▶ [EXERCISE PROMPT] Set down each line of the material that follows, exactly, with no pictures.
--- INPUT Enclosed Below ---
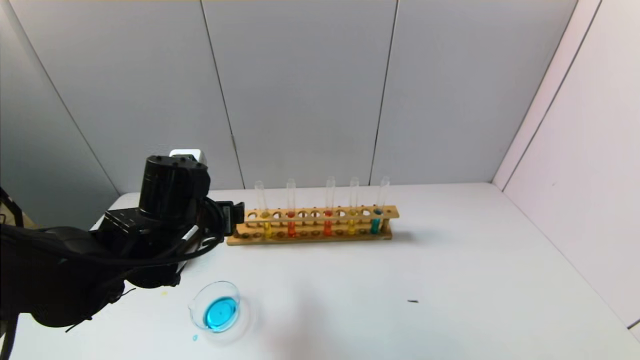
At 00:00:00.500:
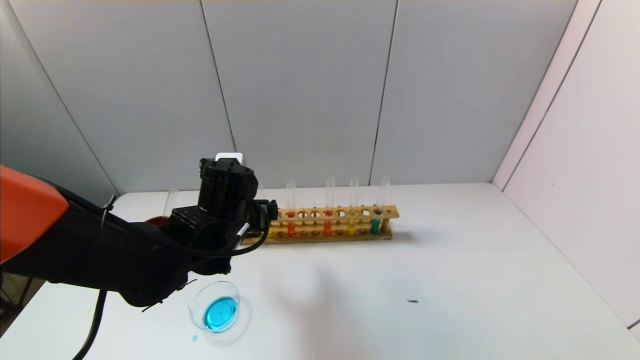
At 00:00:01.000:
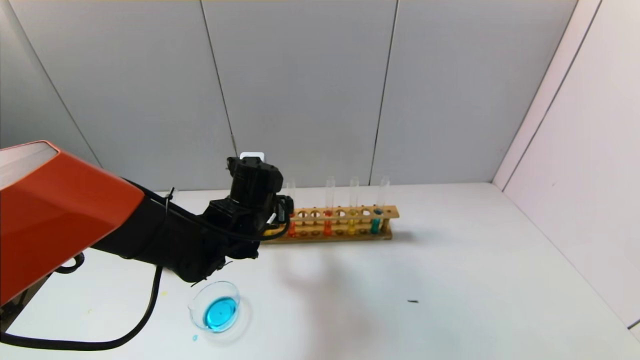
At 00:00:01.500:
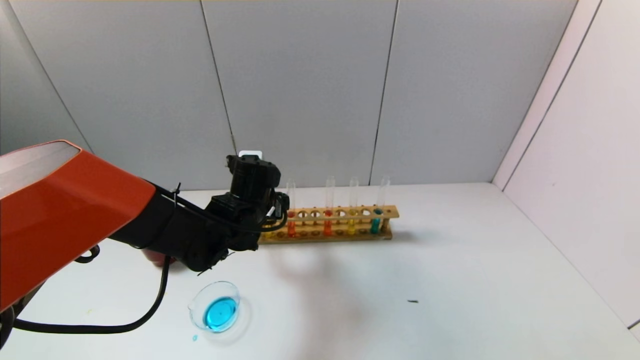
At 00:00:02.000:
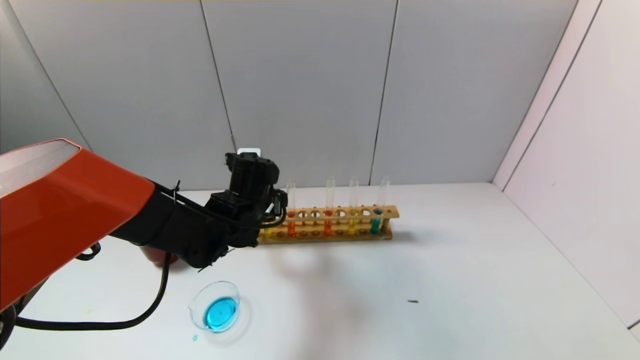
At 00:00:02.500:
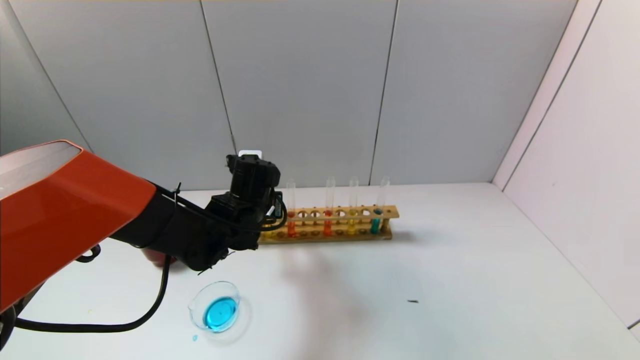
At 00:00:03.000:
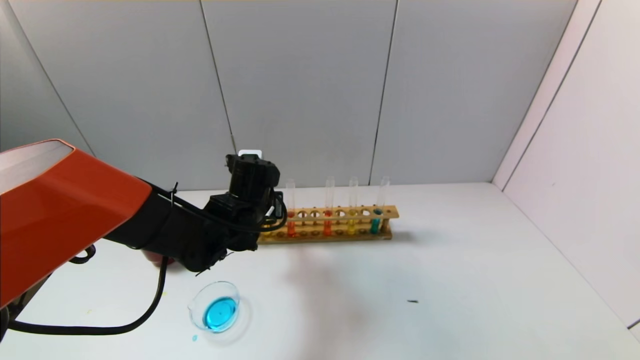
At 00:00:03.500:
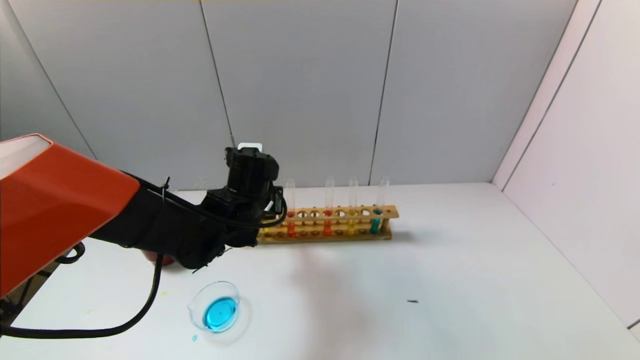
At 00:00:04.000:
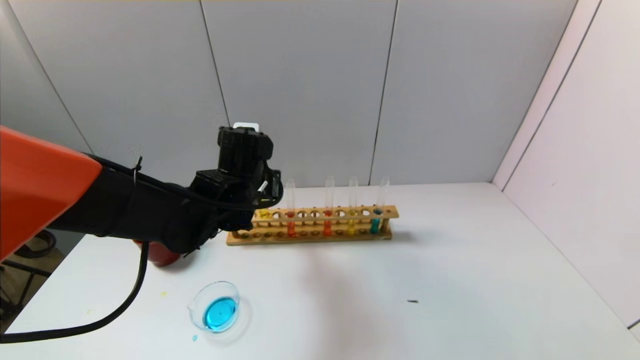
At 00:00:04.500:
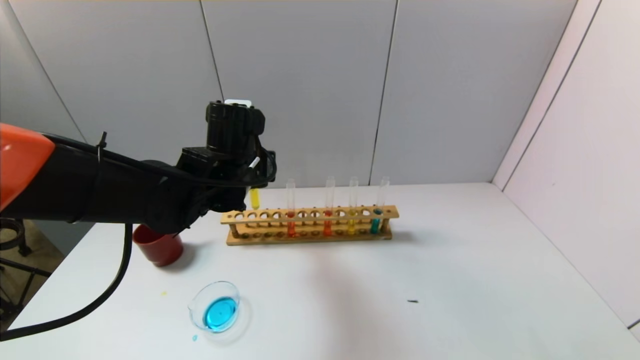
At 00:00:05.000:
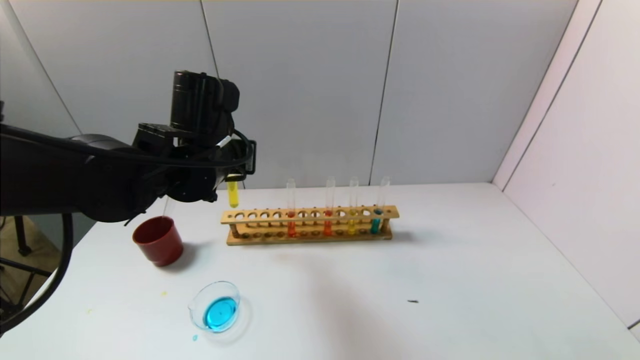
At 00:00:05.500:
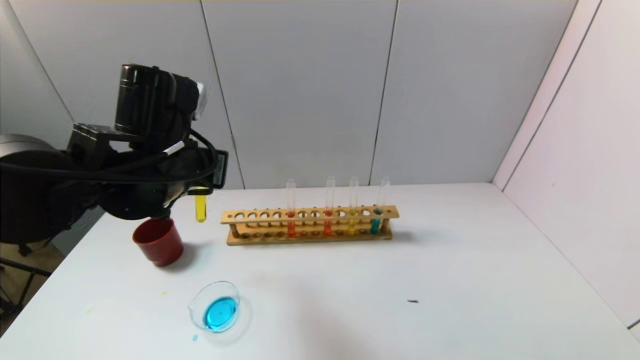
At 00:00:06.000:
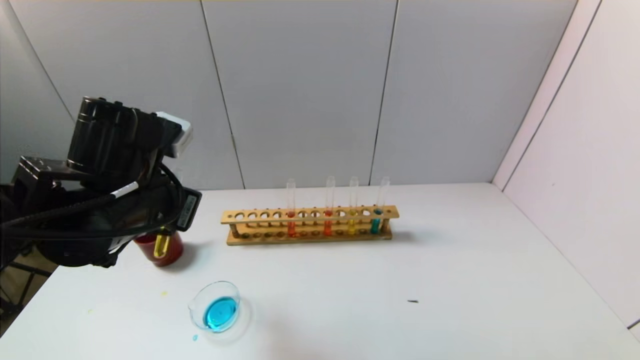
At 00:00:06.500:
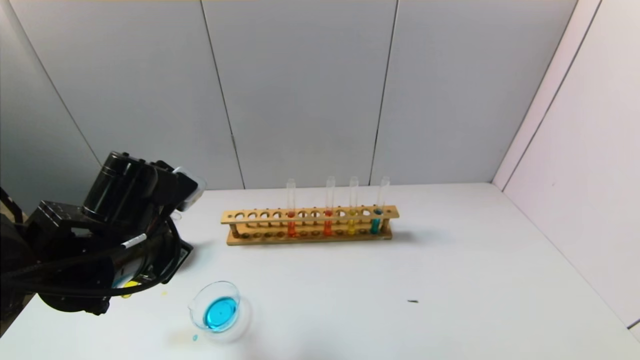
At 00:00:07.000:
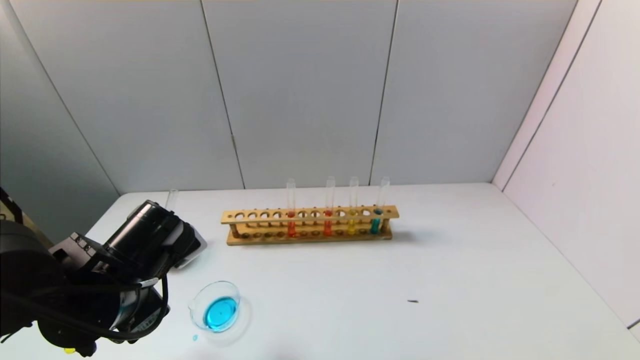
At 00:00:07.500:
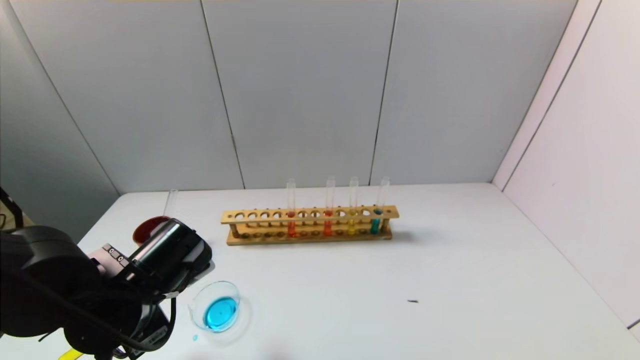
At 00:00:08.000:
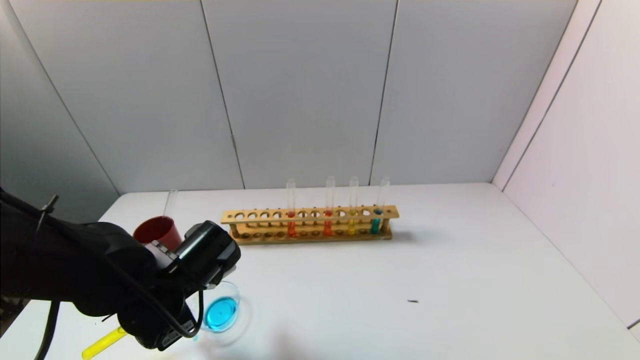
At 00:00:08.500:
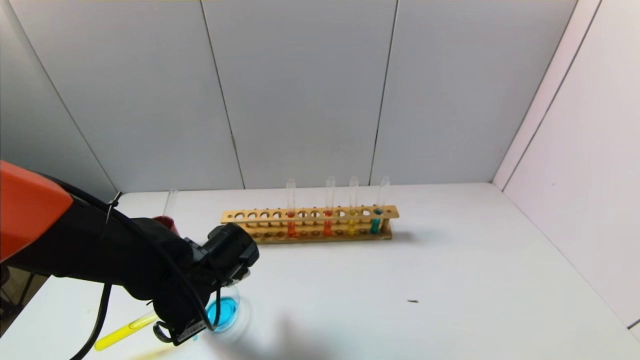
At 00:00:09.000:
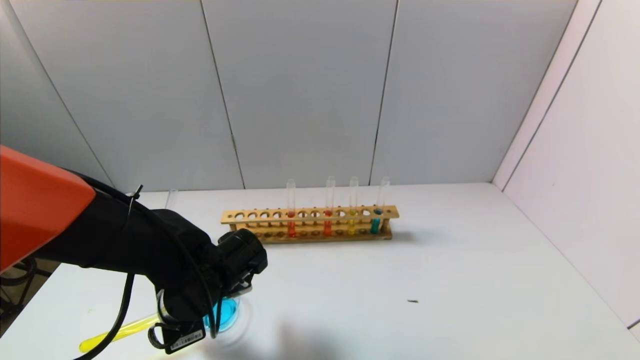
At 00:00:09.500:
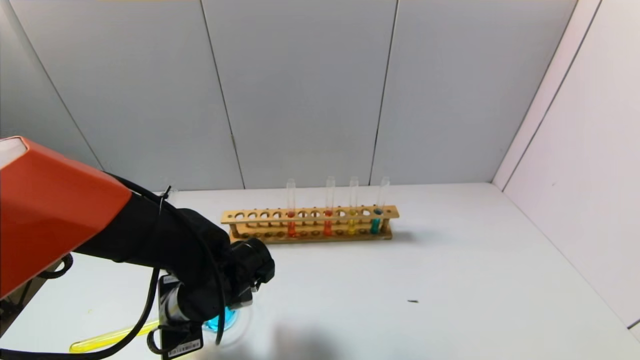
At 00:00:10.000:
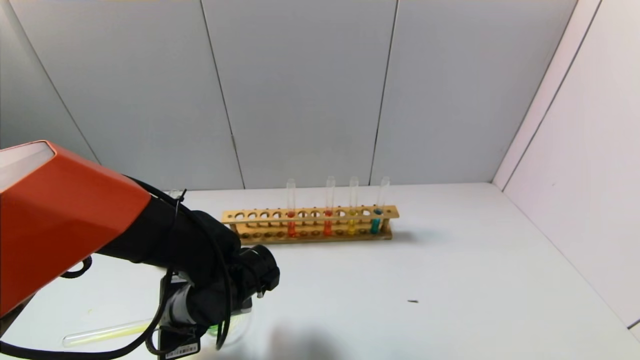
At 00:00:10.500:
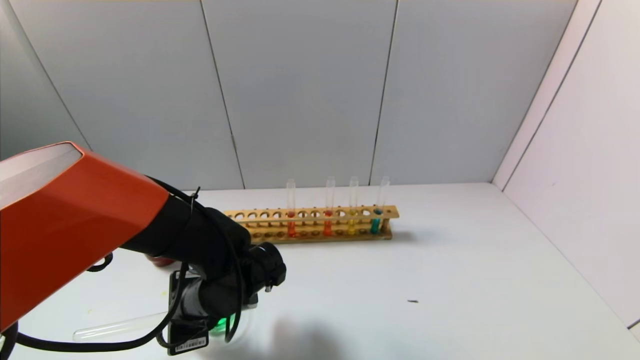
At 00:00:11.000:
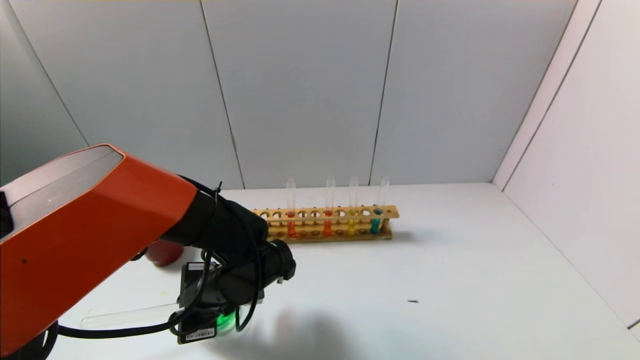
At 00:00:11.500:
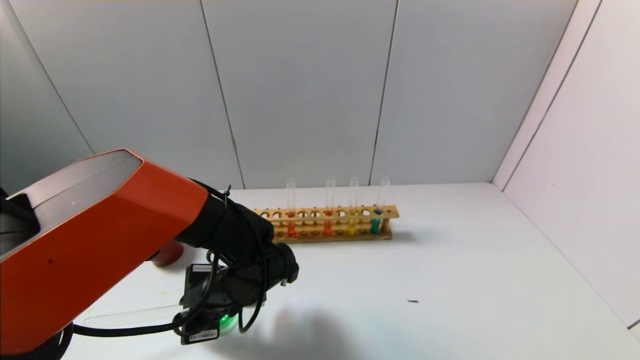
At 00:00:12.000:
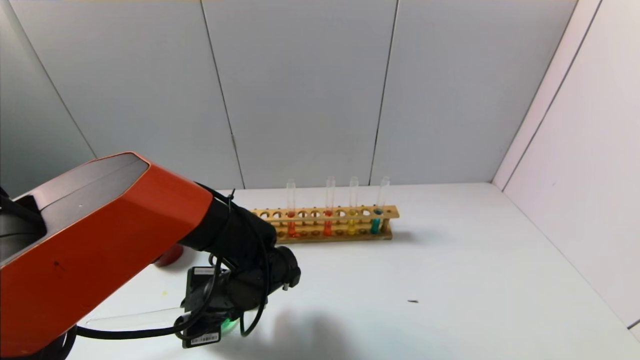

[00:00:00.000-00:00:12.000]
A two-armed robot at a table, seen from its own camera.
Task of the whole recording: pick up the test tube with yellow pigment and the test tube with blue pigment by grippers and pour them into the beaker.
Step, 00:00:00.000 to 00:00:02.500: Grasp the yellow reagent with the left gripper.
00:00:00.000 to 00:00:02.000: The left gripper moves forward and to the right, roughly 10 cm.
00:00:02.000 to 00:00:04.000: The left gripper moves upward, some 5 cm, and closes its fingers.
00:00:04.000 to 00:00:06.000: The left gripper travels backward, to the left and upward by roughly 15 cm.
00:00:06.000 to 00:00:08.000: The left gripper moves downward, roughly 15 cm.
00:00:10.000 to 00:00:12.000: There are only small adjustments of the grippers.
--- End of Enclosed INPUT ---
▶ [SOLUTION FOR THIS PROBLEM]
At 00:00:00.500:
At 00:00:01.000:
At 00:00:01.500:
At 00:00:02.000:
At 00:00:02.500:
At 00:00:03.000:
At 00:00:03.500:
At 00:00:04.000:
At 00:00:04.500:
At 00:00:05.000:
At 00:00:05.500:
At 00:00:06.000:
At 00:00:06.500:
At 00:00:07.000:
At 00:00:07.500:
At 00:00:08.000:
At 00:00:08.500:
At 00:00:09.000:
At 00:00:09.500:
At 00:00:10.000:
At 00:00:10.500:
At 00:00:11.000:
At 00:00:11.500:
At 00:00:12.000:

[00:00:00.000-00:00:12.000]
A two-armed robot at a table, seen from its own camera.
Task of the whole recording: pick up the test tube with yellow pigment and the test tube with blue pigment by grippers and pour them into the beaker.
Step, 00:00:00.000 to 00:00:02.500: Grasp the yellow reagent with the left gripper.
00:00:00.000 to 00:00:02.000: The left gripper moves forward and to the right, roughly 10 cm.
00:00:02.000 to 00:00:04.000: The left gripper moves upward, some 5 cm, and closes its fingers.
00:00:04.000 to 00:00:06.000: The left gripper travels backward, to the left and upward by roughly 15 cm.
00:00:06.000 to 00:00:08.000: The left gripper moves downward, roughly 15 cm.
00:00:10.000 to 00:00:12.000: There are only small adjustments of the grippers.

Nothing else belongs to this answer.